The playwright Molière (1622-1673) was born Jean Baptiste Poquelin on this day in Paris. He received the finest education possible at a Jesuit college and his family expected him to join the family business or become a lawyer. Instead, he chose the then-scandalous life of the stage.
"I live on good soup, not fine words," he once said and pursued acting with a passion, changing his name and joining a troupe of actors to master every aspect of the theater.
He wrote his satirical full-length comedies in verse and poetry. A master of language and farce, the playwright founded the Illustre Theater in 1643 and was sponsored by King Louis XIV. Molière caused an uproar in 1664 with his play Tartuffe, a juicy indictment of the religious hypocrite.
The brilliant artist once observed, "Doubts are more cruel that the worst of truths."
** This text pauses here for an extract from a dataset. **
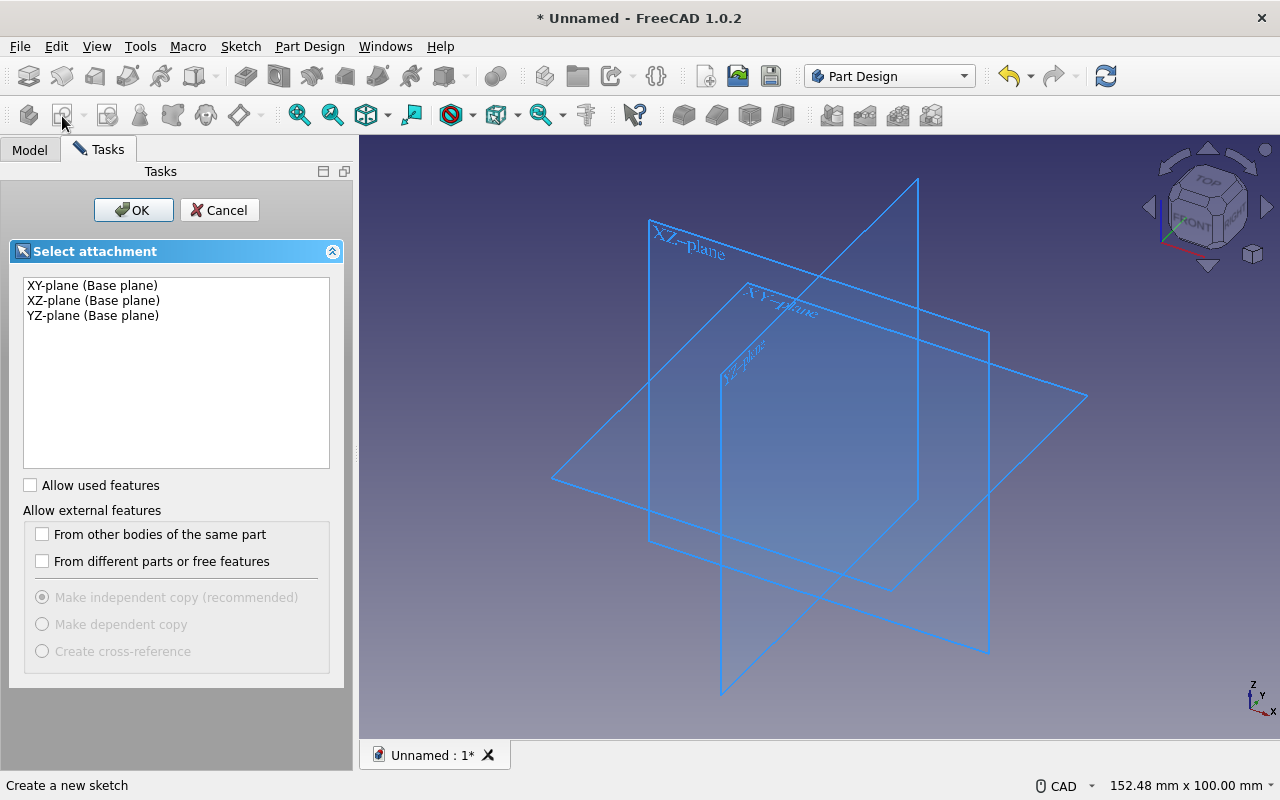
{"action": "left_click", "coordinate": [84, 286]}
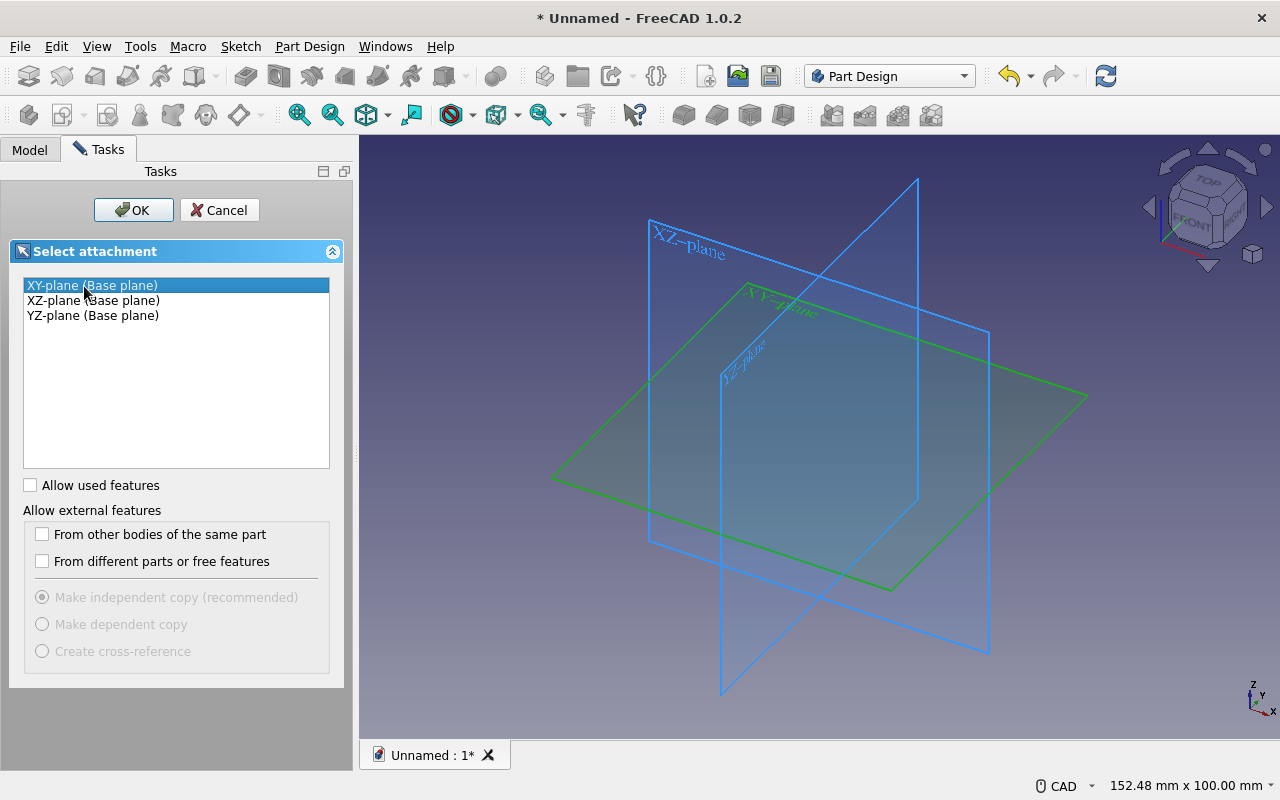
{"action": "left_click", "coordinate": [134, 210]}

The Misanthrope, what many consider his masterpiece, was written in 1666. Other famous satires include The School for Wives (1662), The Doctor in Spite of Himself (1666), The Miser (1668), and The Imaginary Invalid (1673). He lived and breathed the theater, directing all the productions and starring in the most demanding roles.
"It infuriates me to be wrong when I know I’m right,"explained the man who has been called the greatest of all French playwrights.
Pause for the cause; don't be so impatient!